The really clever puns are the ones which exploit a genuine ambiguity in language, or at least a double meaning that could occur in real life. It will be remembered that when Oscar Wilde boasted that he could think of a joke about any subject, someone proposed "The Queen". Quick as a flash, Oscar replied "The Queen is not a subject." That's quite a complicated wordplay, because the two senses of the word "subject" – a citizen of a monarchy and a topic for conversation – are distantly related; and because the two meanings of Oscar's sentence both make perfect sense in context: the joke is that he's used the same words to give two different reasons for not telling a joke. C.S Lewis's joke about the vicar who goes to the local girls' school drama society's production of A Midsummer Nights Dream and finds himself saying "Well, I've never seen a female Bottom before!" is much less clever, but it is based on a mistake that someone could just possibly make in real life. On the other hand, there's no linguistic or semantic significance behind the fact that "I'm afraid not" sounds like "I'm a frayed knot": it's pure linguistic coincidence, and it's pretty hard to imagine that it could ever give rise to a misunderstanding. But the similarity of sound somehow becomes funny -- but not very funny -- if you embed it in a story about how three pieces of string went into a bar and ordered a drink. [*] We laugh at the pun just because it is a pun: it wouldn't occur to us to say "A peice of string went into a bar? What kind of gibberish is that? How could a piece of string possibly consume alcohol, since they have no mouths? Can they become intoxicated? Do they use the gentlemen's toilet or the lady's one? Is there a ghetto in the town where all the pieces of string live, or are these recent immigrants from piece-of-string land?" It's almost like, once we've spotted that two phrases sound the same, we create a story-shaped collection of words around them. The moment I noticed that the phrase "Piece of cod" sounded a little like "Peace of God" then the picture of a rather confused little vicar in a chip shop jumped into my head. I just couldn't stop it.
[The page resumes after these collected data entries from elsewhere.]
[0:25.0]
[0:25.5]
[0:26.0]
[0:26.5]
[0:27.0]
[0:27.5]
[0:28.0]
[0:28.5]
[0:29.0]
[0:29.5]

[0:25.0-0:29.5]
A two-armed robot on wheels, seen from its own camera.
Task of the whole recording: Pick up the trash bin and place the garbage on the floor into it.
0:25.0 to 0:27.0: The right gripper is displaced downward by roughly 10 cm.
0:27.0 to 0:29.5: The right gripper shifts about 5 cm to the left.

Admittedly, some people do insist on taking this kind of non-story literally. "Suppose you and I were in a restaurant..." you say, hoping to illustrate a point about good manners, or safe food handling, or English consumer law. "But why would I be in a restaurant with you?" they reply "I hardly know you. And anyway, I'm a vegan and you're not, I don't think we'd like the same kind of food. And on my salary, how can I afford to eat out?" I really wish they wouldn't.

Some people, possibly the same people, are also confused by the whole idea of fantasy. They think that "fantasy" really means "mistake": that you read Watership Down because you were under the impression that rabbits really do have human personalities, and once they have set you straight on this point, you won't need to read the book any longer. "But Japan didn't win the second world war," they point out, calmly, "And phone boxes can't travel through time and sapce. And we shouldn't teach children about Cinderella, because they idea that a pumpkin could spontaneously evolve into something complex like a coach goes against the whole idea of natural selection." (In fairness there are other other people who are equally confused by the whole idea of there being books which are not fantasy. "But there really are lots of poor people living miserable lives in dingy bedsits" they say "So why on earth would anyone want to make up a story about one of them?")
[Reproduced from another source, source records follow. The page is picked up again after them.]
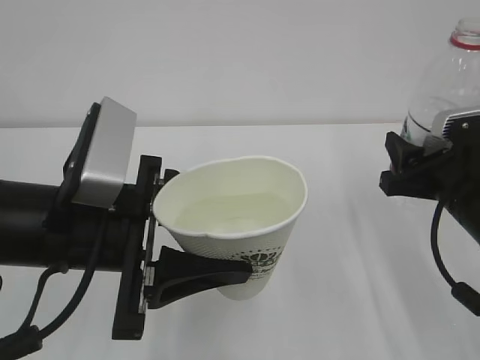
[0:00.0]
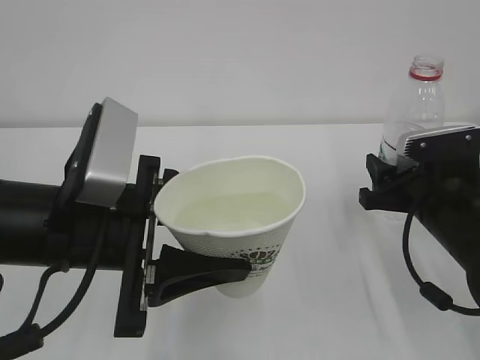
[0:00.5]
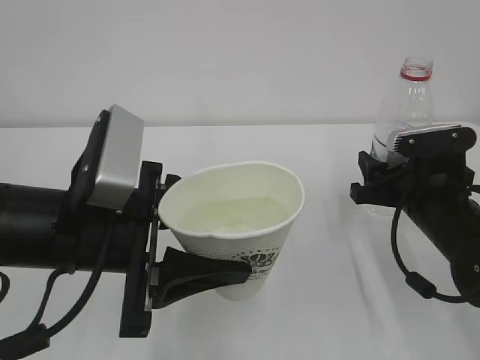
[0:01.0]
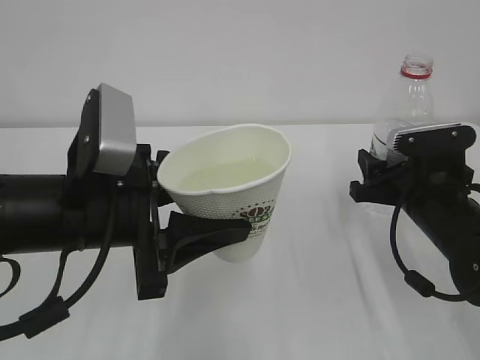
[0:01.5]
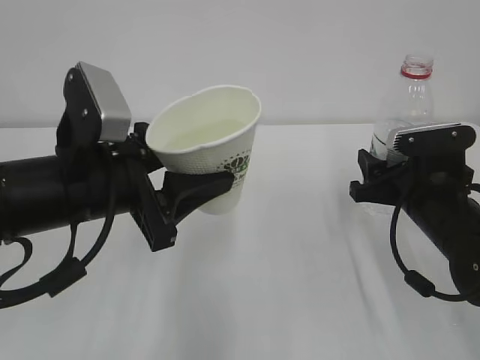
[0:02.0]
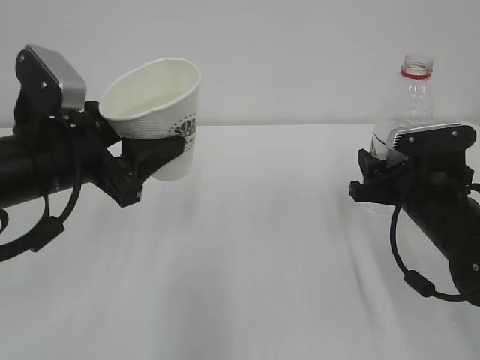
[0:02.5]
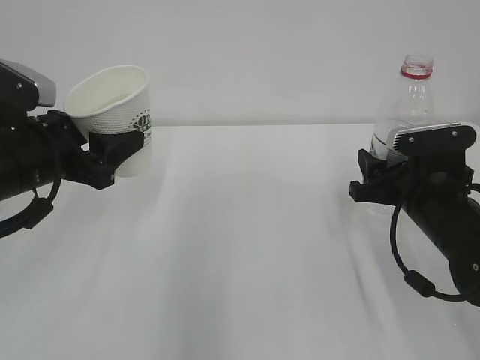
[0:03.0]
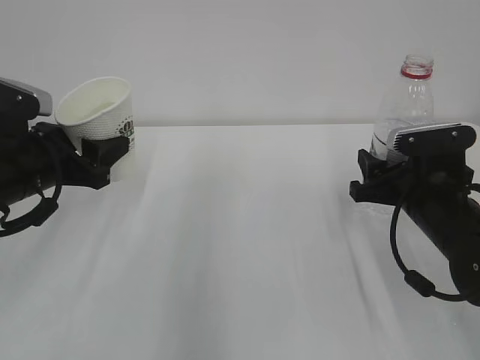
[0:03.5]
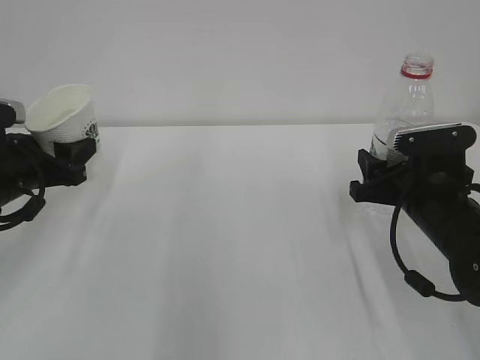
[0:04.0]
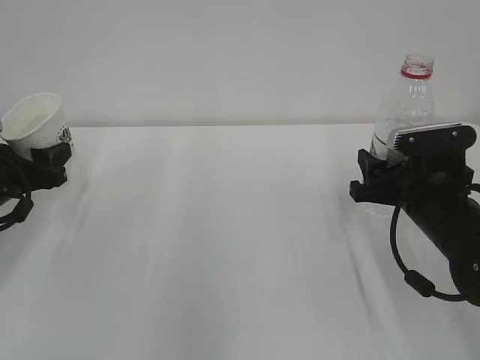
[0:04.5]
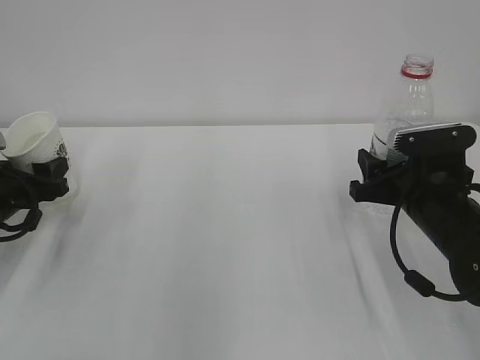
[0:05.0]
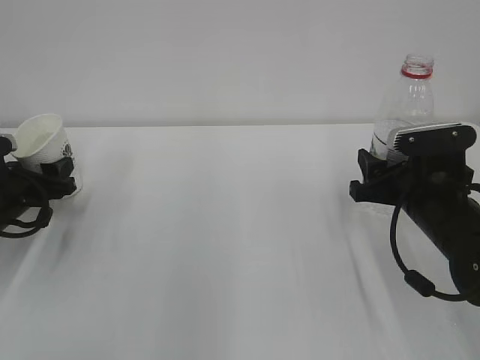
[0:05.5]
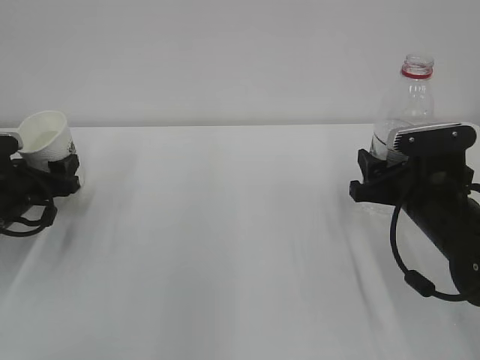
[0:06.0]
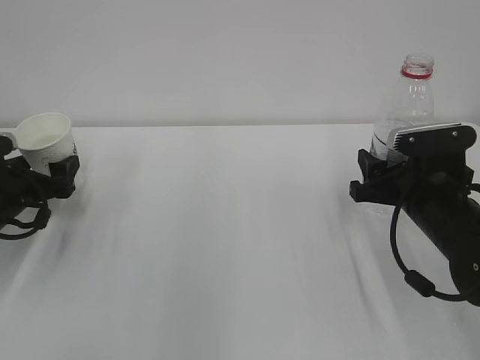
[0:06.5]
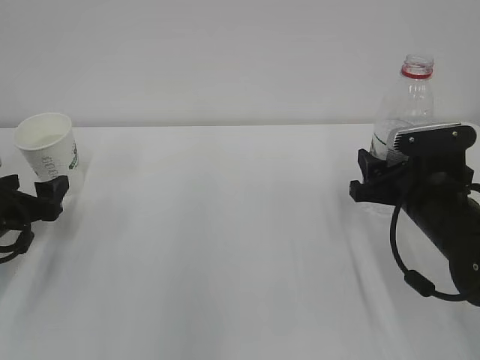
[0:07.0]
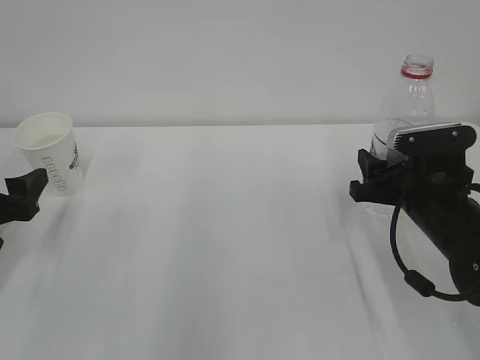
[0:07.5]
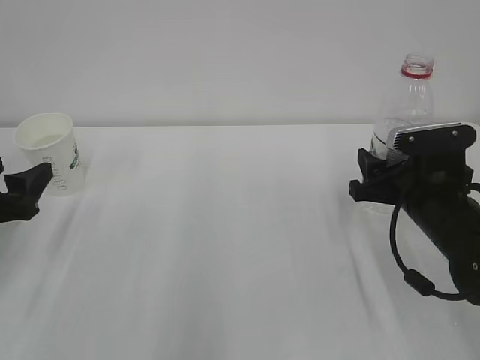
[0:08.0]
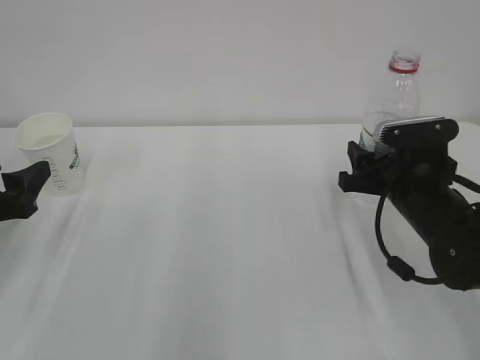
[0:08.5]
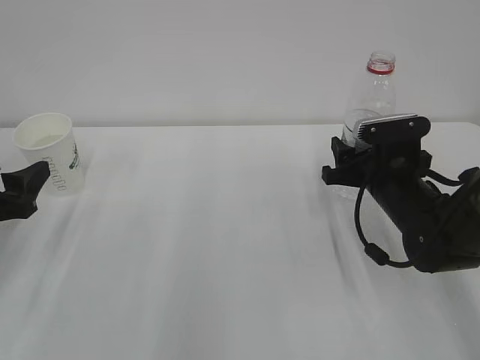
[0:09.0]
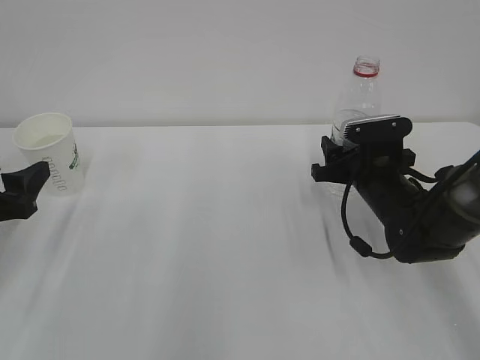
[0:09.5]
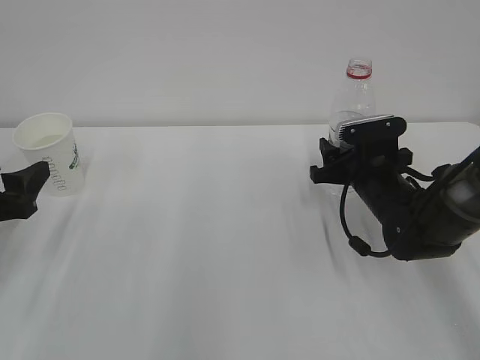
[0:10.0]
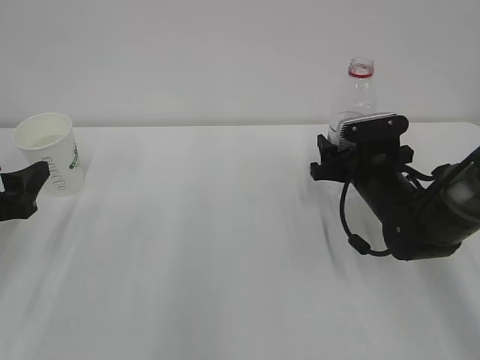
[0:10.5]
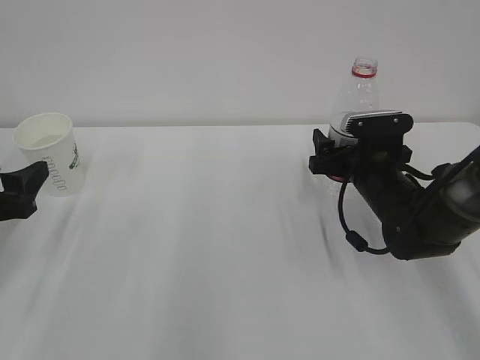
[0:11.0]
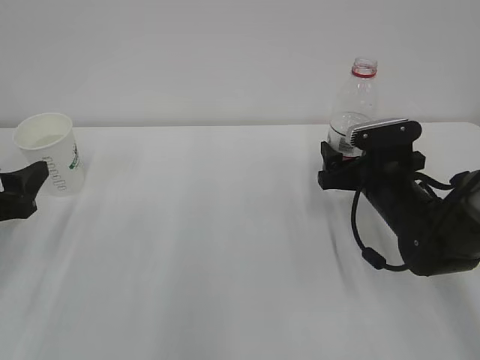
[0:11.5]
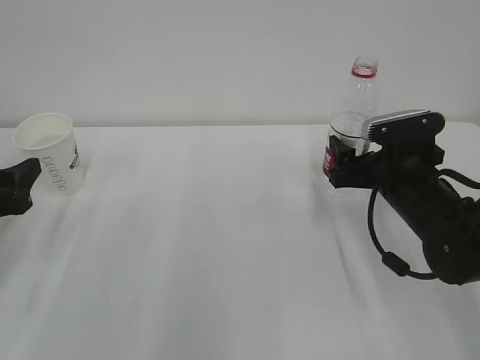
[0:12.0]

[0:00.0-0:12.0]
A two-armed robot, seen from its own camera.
0:00.0 to 0:02.0: The right gripper shifts by about 5 cm.
0:02.0 to 0:04.0: The left gripper travels to the left, forward and downward by about 20 cm.
0:04.0 to 0:06.0: The left gripper moves downward, approximately 5 cm, and opens.
0:06.0 to 0:08.0: The left gripper shifts approximately 10 cm backward and upward.
0:08.0 to 0:10.0: The right gripper moves forward, some 10 cm.
0:10.0 to 0:12.0: The right gripper changes place by roughly 5 cm, and opens up.

Curiously, the anti-fantasy brigade think it is perfectly okay for mainstream writers to steal fantasy elements and use them as plot devices. Shakespeare writes mostly about things which don't exist -- magic islands, ghosts, witches, wizards, fairies, identical twins, the divine right of kings, true love -- but that doesn't mean he's not a realistic writer, okay?  And it is quite permissable for whichever Bronte it was to use thought transferance as feeble deus ex machina at the end of Jane Eyre.

Some of those people who don't get fantasy, oddly, admire the works of Richard Wagner. Some of them believe, correctly, that Parsifal is the best thing that Wagner, and therefore anybody, ever wrote, but also believe, wrongly, that you can detatch the musical form from the mythological and philosphical content and still be left with a great work. Parsifal, they say, isn't really about retrieving the holy spear from the wizard Klingsor in order to heal the wounded grail king -- it and it certainly isn't about Buddhist ideas of renunciation and attatchment, whatever the libretto might say. It isn't actually about anything at all: it's a sublime and sophisticated collection of musical notes, which follow an internal pattern and logic. Close your eyes, ignore the actors in suits of armour and the surtitles, and just listen to noie. The phrase "tone poem" turns up a good deal. 
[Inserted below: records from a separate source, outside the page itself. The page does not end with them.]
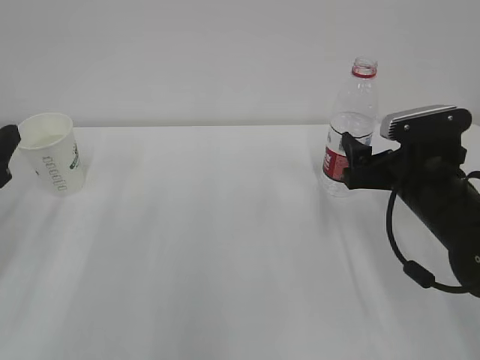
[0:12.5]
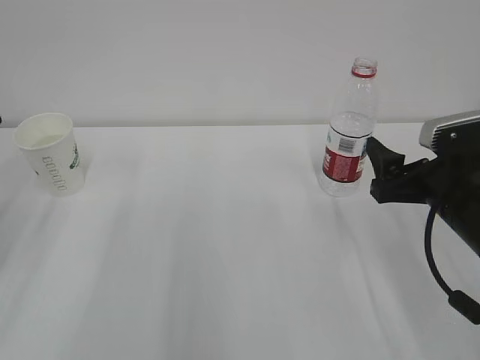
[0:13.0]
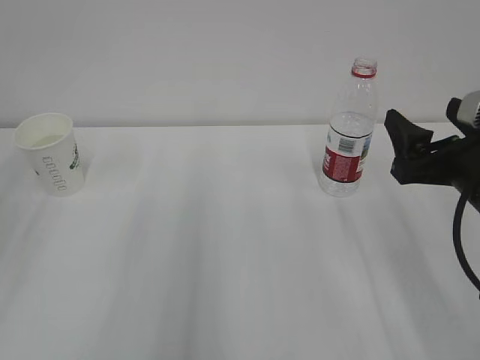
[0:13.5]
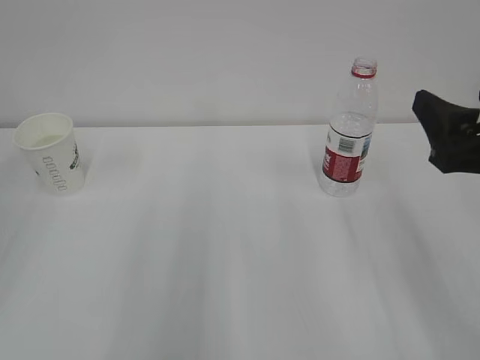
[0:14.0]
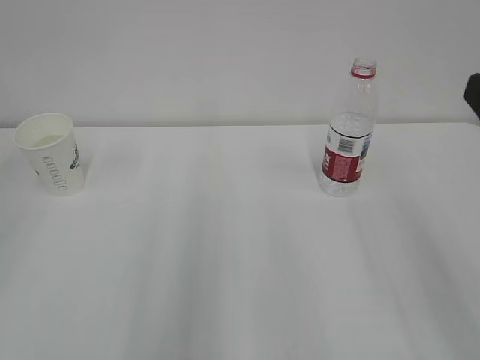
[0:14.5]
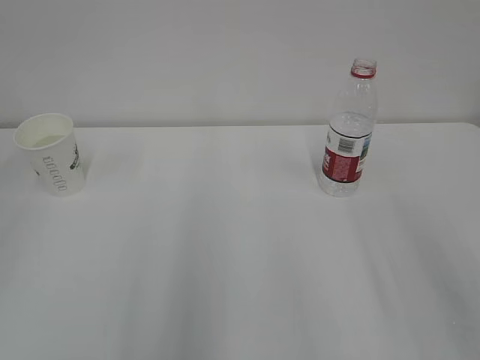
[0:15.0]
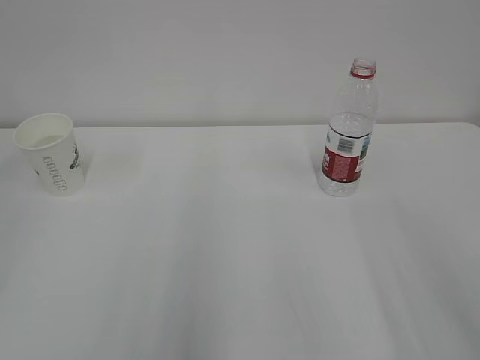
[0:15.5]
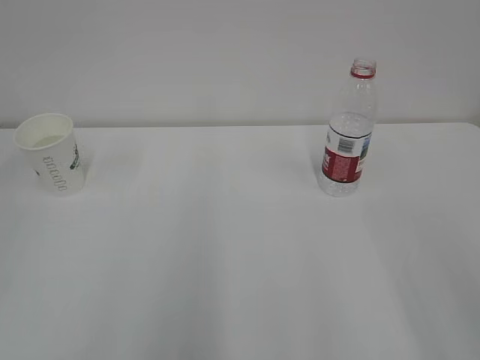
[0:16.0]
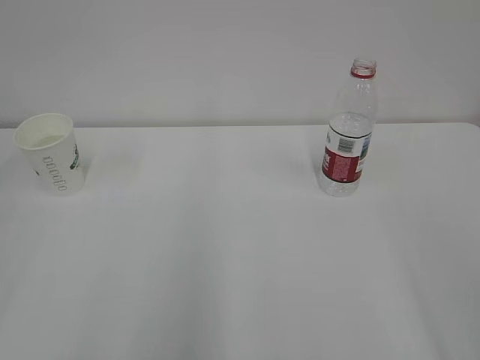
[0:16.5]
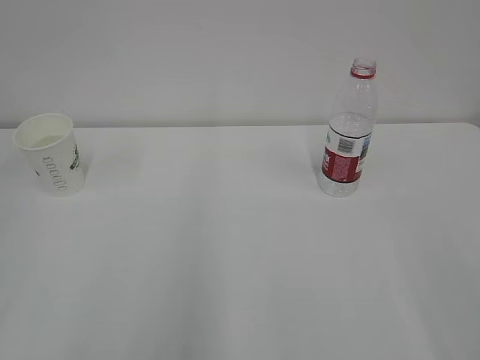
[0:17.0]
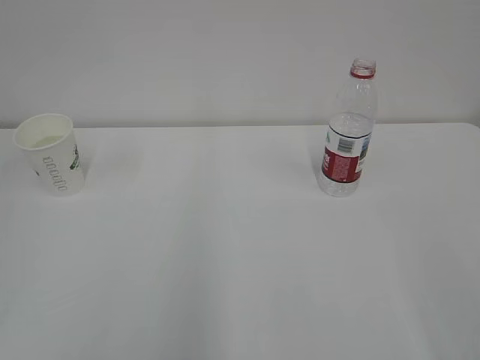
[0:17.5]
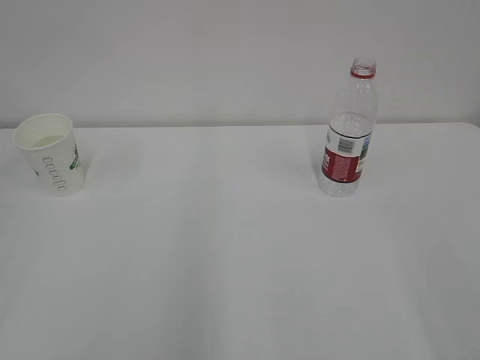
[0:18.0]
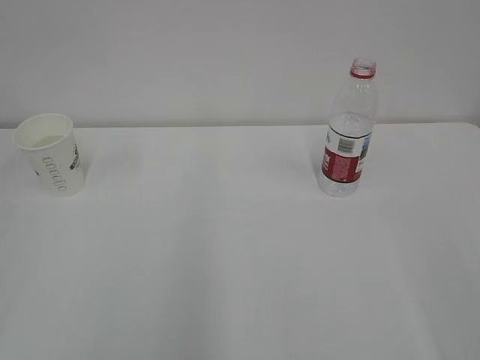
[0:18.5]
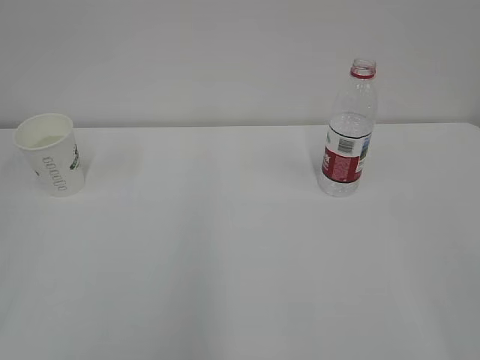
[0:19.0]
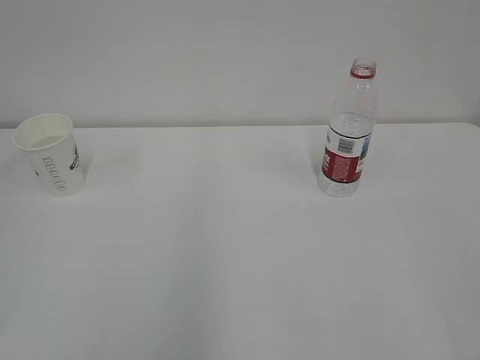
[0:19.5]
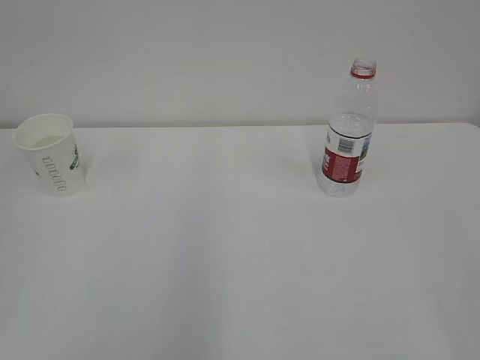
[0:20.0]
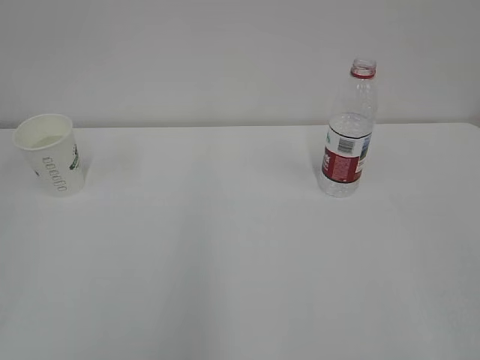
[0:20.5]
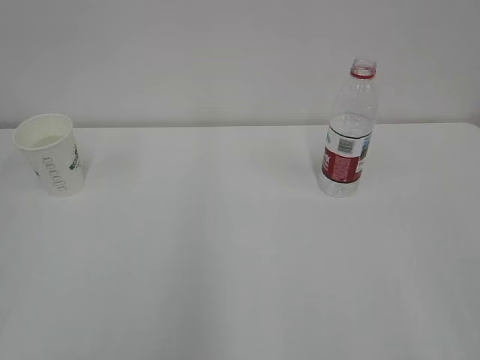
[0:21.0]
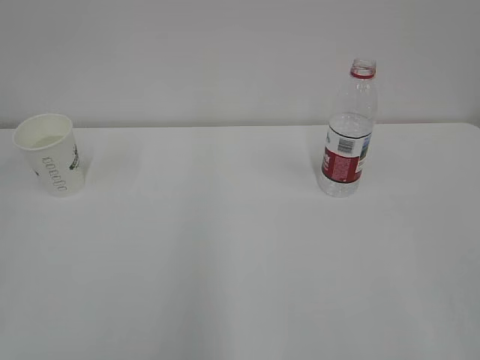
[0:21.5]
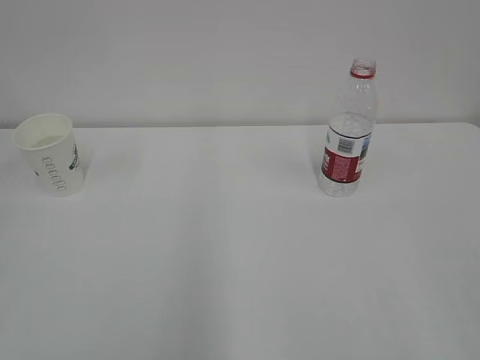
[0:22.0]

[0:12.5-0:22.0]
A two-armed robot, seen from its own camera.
0:12.5 to 0:14.5: The right gripper travels backward and upward by some 20 cm.

I understand that some music really does works like this. I get that Mr Beethoven's symphonies aren't about anything, except the way in which you can go "dit-dit-dit-DAH" slowly, twice; and then quickly three times; and then quickly three times again; and slowly slowly twice, and carry on that like for an a hour and a half. And very pretty it is too. The big deep "dit-dit-dit-DAH" at the beginning makes us feel sad; and the great big "dah-dah-dah-dit-dah-dit-dah-di-dah" at the end makes us feel happy. But asking "what are we happy about" would be like asking where the man in the pub found the duck that he had on its head . The music isn't about anything apart from the music. It may not be a coincidence that the opera which lends itself best to this approach is the one I like least. Tristan and Isolde is, it seems, at least as much about whether it is possible to avoid resolving a chord for five hours as about whether anyone could really be stupid enough to order "love potion" when what they really wanted was "poison".


Last year, when we were young, we talked about Mr Bob Dylan, and wondered whether it was a mistake to read the lyrics of his songs as coherent narratives, or even as coherent language. We agreed that there was very little point in wondering in what sense the lady in question was "jelly-faced", where she had lost her knees, and what might be done to help her find them again. We decided that a line like "the ghost of electricity howls in the bones of her face" probably derived its emotional effect from sound and rhythm, and that no amount of looking up the words "ghost" and "electricty" in the dictionary, let alone the close questioning of Bob Dylan, would allow the words to have a meaning in the way that "I am sitting in the cafe drinking coffee and typing" arguably have a meaning. We went so far as to speculate that the song is really chanting words: "ghost... electrictiy... howls... bones....face" and all the little words like "the" and "of" are just there to glue it together into something which looks a bit like a sentence, but actually, isn't. We decided, in short that a Dylan lyric is more like a Beethoven symphony than a Wagner opera.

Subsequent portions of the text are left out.